At its most illuminating, Dirty Wars exposes the heartbreaking human consequences of “collateral damage,” the obscene euphemism used by military strategists. Never mind the fog of war; the film documents the brutal, craven stupidity of war as played out in night raids of innocent Afghan families by the Joint Special Operations Command, the once-clandestine strike force that killed Osama bin Laden, as well as in the American sponsorship of homicidal warlords in Somalia, in drone and cruise missile attacks in Yemen and Pakistan, and in the summary execution of American citizens, including the 16-year-old son of al Qaeda leader Anwar al-Awlaki—a ruthless and ultimately self-defeating policy sanctioned and implemented by President Obama.
To his credit, Scahill doesn’t pretend to be an objective journalist, but nor does he seem to place much value on simple fairness. The film offers no evidence that he ever sought the explanations or insights of U.S. policymakers, whom he obviously regards with suspicion and disdain. Where other reporters might see an opportunity to develop a working relationship and obtain information, he treats a complaining phone call from an assistant to Adm.

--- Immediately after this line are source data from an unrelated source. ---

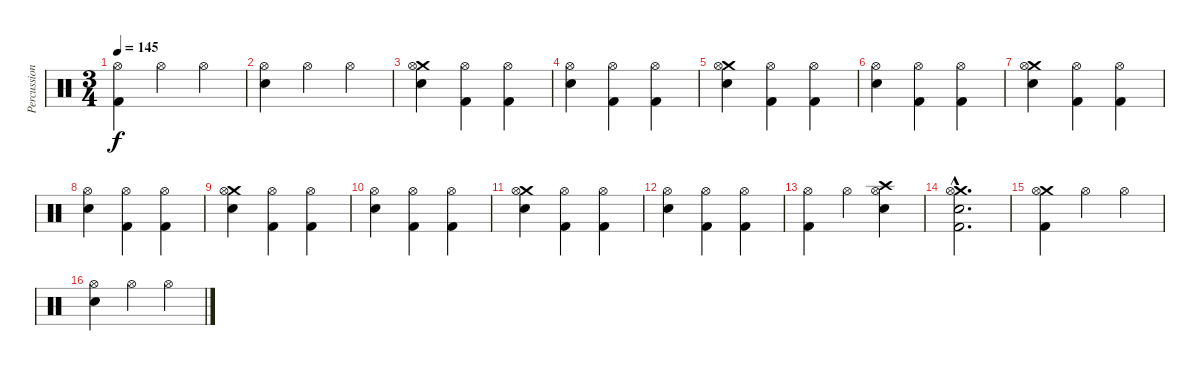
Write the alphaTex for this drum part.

\track ("Percussion" "Percussion") {instrument percussion}
\staff {score}
\articulation defaults
\ts (3 4)
\tempo 145
\clef neutral
\ks c
("Hi-Hat (open)" "Kick (hit) 2").4{dy f} "Hi-Hat (open)".4 "Hi-Hat (open)".4 |
("Hi-Hat (open)" "Electric Snare (hit)").4 "Hi-Hat (open)".4 "Hi-Hat (open)".4 |
("Crash medium (hit)" "Hi-Hat (open)" "Electric Snare (hit)").4 ("Hi-Hat (open)" "Kick (hit) 2").4 ("Hi-Hat (open)" "Kick (hit) 2").4 |
("Hi-Hat (open)" "Electric Snare (hit)").4 ("Hi-Hat (open)" "Kick (hit) 2").4 ("Hi-Hat (open)" "Kick (hit) 2").4 |
("Crash medium (hit)" "Hi-Hat (open)" "Electric Snare (hit)").4 ("Hi-Hat (open)" "Kick (hit) 2").4 ("Hi-Hat (open)" "Kick (hit) 2").4 |
("Hi-Hat (open)" "Electric Snare (hit)").4 ("Hi-Hat (open)" "Kick (hit) 2").4 ("Hi-Hat (open)" "Kick (hit) 2").4 |
("Crash medium (hit)" "Hi-Hat (open)" "Electric Snare (hit)").4 ("Hi-Hat (open)" "Kick (hit) 2").4 ("Hi-Hat (open)" "Kick (hit) 2").4 |
("Hi-Hat (open)" "Electric Snare (hit)").4 ("Hi-Hat (open)" "Kick (hit) 2").4 ("Hi-Hat (open)" "Kick (hit) 2").4 |
("Crash medium (hit)" "Hi-Hat (open)" "Electric Snare (hit)").4 ("Hi-Hat (open)" "Kick (hit) 2").4 ("Hi-Hat (open)" "Kick (hit) 2").4 |
("Hi-Hat (open)" "Electric Snare (hit)").4 ("Hi-Hat (open)" "Kick (hit) 2").4 ("Hi-Hat (open)" "Kick (hit) 2").4 |
("Crash medium (hit)" "Hi-Hat (open)" "Electric Snare (hit)").4 ("Hi-Hat (open)" "Kick (hit) 2").4 ("Hi-Hat (open)" "Kick (hit) 2").4 |
("Hi-Hat (open)" "Electric Snare (hit)").4 ("Hi-Hat (open)" "Kick (hit) 2").4 ("Hi-Hat (open)" "Kick (hit) 2").4 |
("Hi-Hat (open)" "Kick (hit) 2").4 "Hi-Hat (open)".4 ("Crash high (hit)" "Hi-Hat (open)" "Electric Snare (hit)").4 |
("Crash medium (hit)"{hac} "Hi-Hat (open)"{hac} "Electric Snare (hit)"{hac} "Kick (hit) 2"{hac}).2{d} |
("Crash medium (hit)" "Hi-Hat (open)" "Kick (hit) 2").4 "Hi-Hat (open)".4 "Hi-Hat (open)".4 |
("Hi-Hat (open)" "Electric Snare (hit)").4 "Hi-Hat (open)".4 "Hi-Hat (open)".4

Mike Mullen, who was chairman of the Joint Chiefs at the time, as an affront and a threat.
Meanwhile, Scahill’s thumb is conspicuously on the scale during the movie’s discussion of Awlaki, whom he portrays as a moderate imam who was radicalized by American persecution and Yemeni imprisonment. He allows Awlaki’s father to assert unchallenged that his son was targeted merely for exercising his First Amendment rights to speak out against the United States—notwithstanding evidence, unmentioned in Dirty Wars, that Awlaki participated in the planning of the foiled “underwear bomber” attempt on Christmas Day 2009 to down an American airliner and was in close contact with Army Maj. Nidal Malik Hasan, who is scheduled to go on trial next month for the November 2009 shooting deaths of 13 people and the wounding of 32 others at Fort Hood, Texas. Surely images of that mass murder would have been as dreadful as any bloodbath in Afghanistan or Yemen.

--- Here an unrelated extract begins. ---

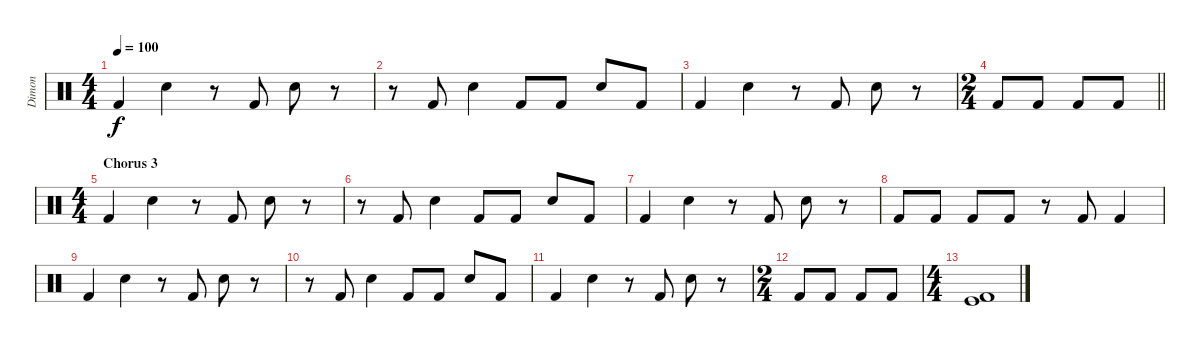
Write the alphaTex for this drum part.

Scahill, whose prose turns increasingly purple as the movie progresses (“Like a flywheel, the Global War on Terror was spinning out of control,” he narrates at one point), argues that Obama has in essence created a monster—a secret military force, with billions of dollars at its disposal but hardly any public accountability, that can project itself around the world and perpetrate terrible violence in sovereign countries that are not at war with the United States.
“We have created one hell of a hammer,” a confidential source, obscured in shadows with his voice altered, tells Scahill during a Deep Throat–ish encounter. “And for the rest of our generation ... this force will be continually searching for a nail.”